- **Work to be completed**
Using the data below, return word for word every line from the one holding "Fill in this" down to the one holding "This view is 60.0° wide. Work". Leave pictures out.

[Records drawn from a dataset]
- Opening Delimiter -
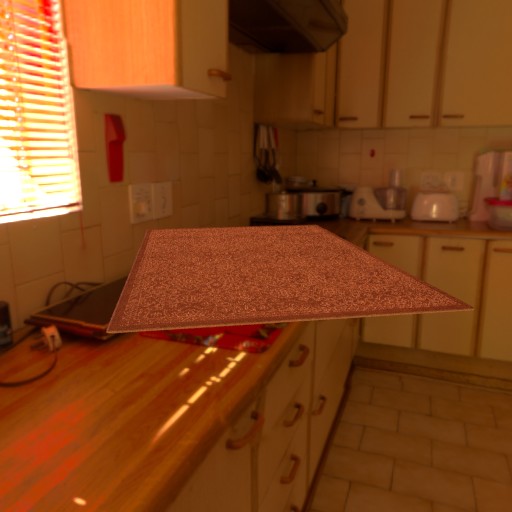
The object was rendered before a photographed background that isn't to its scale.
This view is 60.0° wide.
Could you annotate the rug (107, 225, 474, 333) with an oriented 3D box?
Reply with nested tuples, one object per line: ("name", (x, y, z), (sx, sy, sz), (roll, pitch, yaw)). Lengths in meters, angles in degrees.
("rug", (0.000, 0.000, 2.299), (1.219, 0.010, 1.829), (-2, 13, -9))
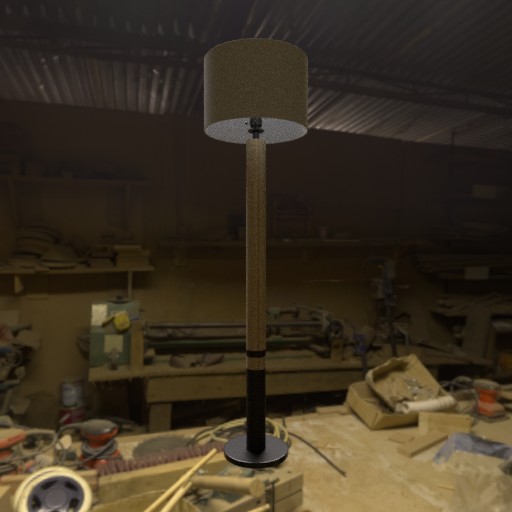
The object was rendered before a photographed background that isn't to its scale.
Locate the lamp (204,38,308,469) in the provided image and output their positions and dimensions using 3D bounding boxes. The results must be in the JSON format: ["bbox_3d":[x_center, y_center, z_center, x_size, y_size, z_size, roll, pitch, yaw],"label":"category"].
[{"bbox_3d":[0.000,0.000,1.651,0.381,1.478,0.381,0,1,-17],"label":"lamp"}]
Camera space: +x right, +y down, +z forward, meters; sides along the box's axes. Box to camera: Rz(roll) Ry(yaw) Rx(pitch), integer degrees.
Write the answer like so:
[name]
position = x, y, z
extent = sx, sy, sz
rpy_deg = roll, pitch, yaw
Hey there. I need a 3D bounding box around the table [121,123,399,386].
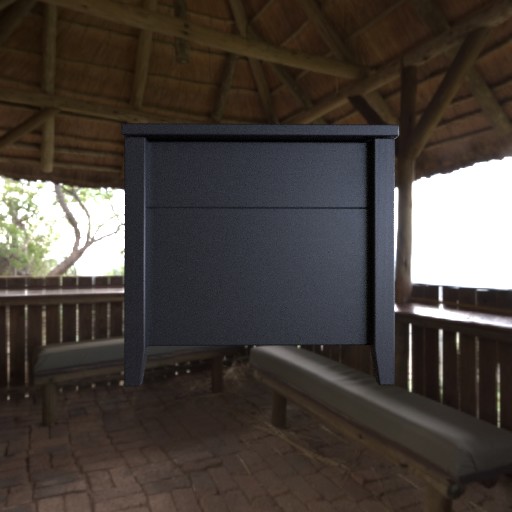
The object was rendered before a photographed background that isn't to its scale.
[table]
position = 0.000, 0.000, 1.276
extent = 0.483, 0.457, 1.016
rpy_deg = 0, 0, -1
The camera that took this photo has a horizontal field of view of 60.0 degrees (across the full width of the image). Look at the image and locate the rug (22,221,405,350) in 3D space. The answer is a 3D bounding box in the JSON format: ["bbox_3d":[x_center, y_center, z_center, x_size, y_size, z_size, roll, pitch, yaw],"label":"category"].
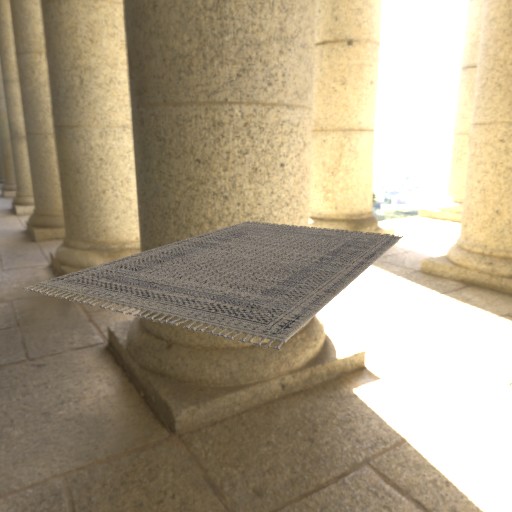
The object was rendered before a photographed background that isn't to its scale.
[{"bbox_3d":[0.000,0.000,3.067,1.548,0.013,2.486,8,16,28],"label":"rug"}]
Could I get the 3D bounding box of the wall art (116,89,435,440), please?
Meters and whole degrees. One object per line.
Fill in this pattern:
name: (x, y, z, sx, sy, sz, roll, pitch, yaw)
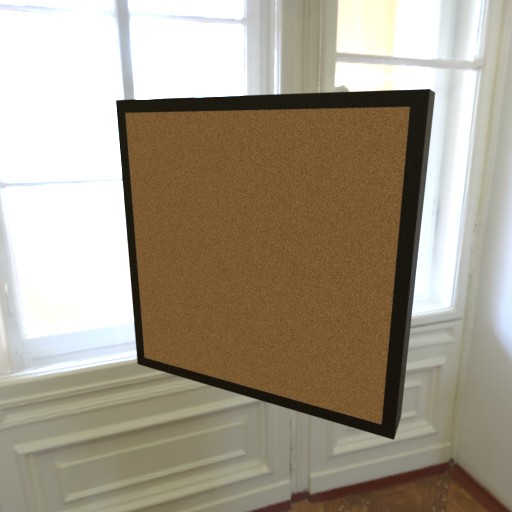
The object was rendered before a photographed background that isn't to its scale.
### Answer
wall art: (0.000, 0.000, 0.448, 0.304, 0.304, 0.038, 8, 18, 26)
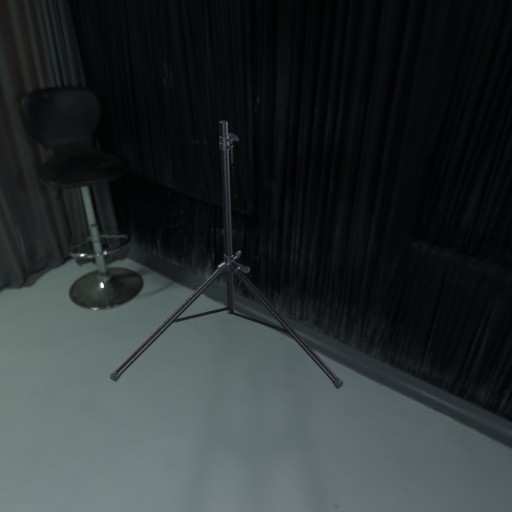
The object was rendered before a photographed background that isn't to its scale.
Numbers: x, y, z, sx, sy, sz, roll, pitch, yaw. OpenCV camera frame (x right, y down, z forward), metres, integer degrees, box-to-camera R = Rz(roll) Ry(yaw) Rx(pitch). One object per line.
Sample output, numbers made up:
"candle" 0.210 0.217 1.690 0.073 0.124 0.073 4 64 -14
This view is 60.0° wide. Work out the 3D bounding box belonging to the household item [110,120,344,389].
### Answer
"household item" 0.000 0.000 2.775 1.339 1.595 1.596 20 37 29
- Closing Delimiter -
- **Output for this exercise**
Fill in this pattern:
name: (x, y, z, sx, sy, sz, roll, pitch, yaw)
The object was rendered before a photographed background that isn't to its scale.
### Answer
wall art: (0.000, 0.000, 0.448, 0.304, 0.304, 0.038, 8, 18, 26)
The object was rendered before a photographed background that isn't to its scale.
Numbers: x, y, z, sx, sy, sz, roll, pitch, yaw. OpenCV camera frame (x right, y down, z forward), metres, integer degrees, box-to-camera R = Rz(roll) Ry(yaw) Rx(pitch). One object per line.
Sample output, numbers made up:
"candle" 0.210 0.217 1.690 0.073 0.124 0.073 4 64 -14
This view is 60.0° wide. Work out the 3D bounding box belonging to the household item [110,120,344,389].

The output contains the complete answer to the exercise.